3. Confirm whether if it is a Hot Job or Scarce Talent
Knowing whether or not the job you are looking to fill is a hot job or if the talent pool is limited might determine the competitiveness of the offer.
If the Recruitment team is having a hard time locating talent to interview and subsequently fill your job, this might be an indication that the type of work you are looking to fill is very popular. This can happen if an industry starts experiencing a surge in demand for its commodities or services and there is a shortage of qualified employees needed to manage or produce a given commodity resulting in a bidding war on talent between companies.

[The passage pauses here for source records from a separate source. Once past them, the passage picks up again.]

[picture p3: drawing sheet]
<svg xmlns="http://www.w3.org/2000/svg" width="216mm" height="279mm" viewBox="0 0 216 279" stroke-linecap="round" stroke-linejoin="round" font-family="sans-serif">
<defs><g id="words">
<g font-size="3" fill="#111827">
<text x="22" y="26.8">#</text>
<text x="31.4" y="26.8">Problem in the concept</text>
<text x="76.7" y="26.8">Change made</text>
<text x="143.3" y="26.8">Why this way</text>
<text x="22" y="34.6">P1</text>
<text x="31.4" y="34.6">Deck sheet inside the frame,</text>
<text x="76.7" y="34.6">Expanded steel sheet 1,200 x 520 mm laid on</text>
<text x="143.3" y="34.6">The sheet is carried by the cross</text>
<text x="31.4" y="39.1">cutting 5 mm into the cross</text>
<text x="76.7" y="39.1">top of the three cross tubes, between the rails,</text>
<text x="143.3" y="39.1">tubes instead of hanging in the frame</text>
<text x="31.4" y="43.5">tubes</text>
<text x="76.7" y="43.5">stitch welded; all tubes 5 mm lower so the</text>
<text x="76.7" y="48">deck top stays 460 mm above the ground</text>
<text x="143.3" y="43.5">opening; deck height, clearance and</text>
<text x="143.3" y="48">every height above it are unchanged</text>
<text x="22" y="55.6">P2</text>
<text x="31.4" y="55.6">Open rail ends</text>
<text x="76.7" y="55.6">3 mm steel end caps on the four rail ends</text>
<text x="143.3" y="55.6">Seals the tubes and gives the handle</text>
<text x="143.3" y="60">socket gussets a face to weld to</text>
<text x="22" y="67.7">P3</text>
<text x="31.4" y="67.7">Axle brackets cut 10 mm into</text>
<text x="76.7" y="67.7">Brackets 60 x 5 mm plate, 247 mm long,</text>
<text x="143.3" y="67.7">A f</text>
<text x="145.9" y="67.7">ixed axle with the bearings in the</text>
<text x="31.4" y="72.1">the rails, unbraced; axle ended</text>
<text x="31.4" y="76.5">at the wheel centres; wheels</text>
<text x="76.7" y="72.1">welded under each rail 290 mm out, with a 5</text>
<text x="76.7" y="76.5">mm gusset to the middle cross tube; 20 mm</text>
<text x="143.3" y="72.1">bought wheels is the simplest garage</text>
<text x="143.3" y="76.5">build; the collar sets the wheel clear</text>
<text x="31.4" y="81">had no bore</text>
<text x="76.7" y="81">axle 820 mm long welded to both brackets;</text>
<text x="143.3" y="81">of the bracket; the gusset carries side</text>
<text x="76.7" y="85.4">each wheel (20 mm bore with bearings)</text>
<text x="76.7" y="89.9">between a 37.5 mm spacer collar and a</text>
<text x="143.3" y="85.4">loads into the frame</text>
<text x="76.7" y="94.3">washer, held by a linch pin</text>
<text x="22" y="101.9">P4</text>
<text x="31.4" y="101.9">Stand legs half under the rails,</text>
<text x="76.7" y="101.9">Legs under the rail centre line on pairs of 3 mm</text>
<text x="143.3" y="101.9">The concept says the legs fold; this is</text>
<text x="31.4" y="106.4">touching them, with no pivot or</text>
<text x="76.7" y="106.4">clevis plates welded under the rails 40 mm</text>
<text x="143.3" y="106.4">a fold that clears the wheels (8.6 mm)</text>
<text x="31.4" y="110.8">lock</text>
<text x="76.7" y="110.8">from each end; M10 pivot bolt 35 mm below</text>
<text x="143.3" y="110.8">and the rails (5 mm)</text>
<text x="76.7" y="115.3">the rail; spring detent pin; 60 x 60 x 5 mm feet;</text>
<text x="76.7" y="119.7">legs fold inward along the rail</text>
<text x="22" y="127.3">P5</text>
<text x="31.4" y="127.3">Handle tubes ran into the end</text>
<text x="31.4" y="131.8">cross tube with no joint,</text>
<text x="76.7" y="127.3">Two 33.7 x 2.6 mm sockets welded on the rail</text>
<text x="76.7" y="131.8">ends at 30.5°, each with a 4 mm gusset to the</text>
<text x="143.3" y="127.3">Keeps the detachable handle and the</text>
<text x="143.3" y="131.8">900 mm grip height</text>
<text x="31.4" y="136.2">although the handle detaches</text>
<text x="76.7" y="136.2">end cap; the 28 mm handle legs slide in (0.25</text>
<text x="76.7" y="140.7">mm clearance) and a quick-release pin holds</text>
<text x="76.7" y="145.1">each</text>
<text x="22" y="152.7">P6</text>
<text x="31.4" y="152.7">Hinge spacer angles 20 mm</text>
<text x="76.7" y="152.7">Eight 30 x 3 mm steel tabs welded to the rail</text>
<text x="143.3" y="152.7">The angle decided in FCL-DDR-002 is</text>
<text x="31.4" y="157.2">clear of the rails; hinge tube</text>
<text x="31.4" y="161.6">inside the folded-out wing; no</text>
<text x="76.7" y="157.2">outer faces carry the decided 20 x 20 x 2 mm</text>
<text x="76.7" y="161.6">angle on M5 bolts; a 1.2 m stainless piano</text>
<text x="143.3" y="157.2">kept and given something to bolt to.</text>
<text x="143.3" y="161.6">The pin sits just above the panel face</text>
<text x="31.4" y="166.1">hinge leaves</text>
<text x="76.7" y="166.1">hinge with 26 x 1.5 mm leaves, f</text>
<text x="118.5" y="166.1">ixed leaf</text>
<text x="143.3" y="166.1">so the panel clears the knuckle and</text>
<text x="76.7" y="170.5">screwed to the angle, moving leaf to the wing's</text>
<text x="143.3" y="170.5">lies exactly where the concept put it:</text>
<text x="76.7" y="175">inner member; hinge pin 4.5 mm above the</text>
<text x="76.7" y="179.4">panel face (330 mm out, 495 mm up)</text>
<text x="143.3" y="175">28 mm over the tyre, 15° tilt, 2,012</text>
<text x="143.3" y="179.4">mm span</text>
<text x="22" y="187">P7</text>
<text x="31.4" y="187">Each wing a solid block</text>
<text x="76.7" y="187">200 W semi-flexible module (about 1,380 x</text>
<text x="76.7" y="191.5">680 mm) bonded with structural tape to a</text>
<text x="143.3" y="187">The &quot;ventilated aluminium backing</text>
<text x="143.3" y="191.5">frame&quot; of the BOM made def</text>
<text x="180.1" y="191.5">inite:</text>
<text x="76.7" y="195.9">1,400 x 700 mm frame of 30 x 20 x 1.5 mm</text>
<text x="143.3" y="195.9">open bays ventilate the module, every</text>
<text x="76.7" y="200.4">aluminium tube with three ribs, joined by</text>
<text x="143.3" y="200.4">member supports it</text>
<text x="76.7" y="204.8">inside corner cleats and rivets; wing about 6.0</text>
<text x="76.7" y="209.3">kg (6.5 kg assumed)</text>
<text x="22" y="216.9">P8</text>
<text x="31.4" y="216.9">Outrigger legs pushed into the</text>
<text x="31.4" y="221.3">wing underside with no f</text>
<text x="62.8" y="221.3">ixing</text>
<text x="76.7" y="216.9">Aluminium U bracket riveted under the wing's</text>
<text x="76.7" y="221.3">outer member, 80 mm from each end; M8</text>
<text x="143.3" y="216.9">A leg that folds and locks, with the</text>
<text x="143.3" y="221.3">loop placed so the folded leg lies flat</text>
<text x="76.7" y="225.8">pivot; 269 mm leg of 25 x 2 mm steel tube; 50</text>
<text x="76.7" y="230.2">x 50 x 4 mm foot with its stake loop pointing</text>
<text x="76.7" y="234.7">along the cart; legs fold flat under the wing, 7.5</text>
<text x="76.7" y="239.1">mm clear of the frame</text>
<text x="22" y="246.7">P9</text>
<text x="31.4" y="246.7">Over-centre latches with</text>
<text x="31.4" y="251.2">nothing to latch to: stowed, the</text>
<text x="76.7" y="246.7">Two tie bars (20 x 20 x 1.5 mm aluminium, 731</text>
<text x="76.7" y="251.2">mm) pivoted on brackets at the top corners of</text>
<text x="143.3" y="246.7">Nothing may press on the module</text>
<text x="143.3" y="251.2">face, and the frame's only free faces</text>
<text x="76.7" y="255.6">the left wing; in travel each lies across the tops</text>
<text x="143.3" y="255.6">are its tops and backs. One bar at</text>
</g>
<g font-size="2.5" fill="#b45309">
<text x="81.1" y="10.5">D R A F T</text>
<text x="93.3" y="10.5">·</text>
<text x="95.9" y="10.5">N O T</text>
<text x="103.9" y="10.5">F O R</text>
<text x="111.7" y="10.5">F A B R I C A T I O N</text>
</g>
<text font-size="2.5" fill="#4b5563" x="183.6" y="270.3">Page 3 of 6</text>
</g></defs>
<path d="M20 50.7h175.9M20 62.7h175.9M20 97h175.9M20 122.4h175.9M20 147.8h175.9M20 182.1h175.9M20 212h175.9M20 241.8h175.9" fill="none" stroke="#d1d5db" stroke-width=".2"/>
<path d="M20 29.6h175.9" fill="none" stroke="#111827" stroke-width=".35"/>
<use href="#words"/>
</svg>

Hiring managers should be aware of any such trends prior to going to market for talent. In order to pique the interest of talent during the phone screening phase of the process, it might require that the company bump up the salary grade assignment for a given role and look at it valuing it higher than it currently is internally.
In order to land highly sought after talent, the company should consider other forms of pay outside of base salary such as sign on bonuses, stock grants and perquisites to name a few. When the job offer process shifts in favor of talent, the organization will more than likely have to make compromises in order to get talent onboard.
4. Pay Mix
If your company only offers guaranteed or base pay for the job you are looking to fill, you might want to check the market to understand if variable pay is being offered for this level and type of work.
Variable pay is a growing trend and is being offered to many non-management jobs across all industries. A good majority of job seekers currently have a variable compensation opportunity that consists of some type of performance driven incentive or the opportunity to go above and beyond their normal body of work to earn additional compensation.
It is crucial that you stay on top of this trend and design your compensation packages accordingly. If you do offer incentive pay for the role you are looking to fill, confirm that the current pay mix is competitive with market trends and be open either increasing the incentive opportunity if there are data that can support this change. Work with Recruitment to sell this aspect of the compensation package to prospects as well.
5. Timing of Offer
Believe it or not, the timing of when you make an offer has an impact on the competitiveness of the compensation package.
If the company has a merit and incentive process that is based on a common anniversary date with specific eligibility cut offs, then there is an opportunity to onboard your new hire prior to the cut off date and provide them with the potential of a prorated increase before their first full year of employment with the company.
If the candidate knows that there is a chance they can recognize an increase in pay and/or receive a prorated incentive payment, this might entice them to consider the offer. Additionally, this might serve as a carrot for candidates to chase and give them incentive to work hard and prove to management they made a good hiring decision all while seeing an increase in pay shortly after arriving.
Knowing the details of the pay program eligibility can actually be a strategy that management can employ to land talent.
Once all of the above-mentioned items have been reviewed and addressed, and you are confident with the compensation package you are offering, it’s time to make that phone call and welcome your new candidate to the team!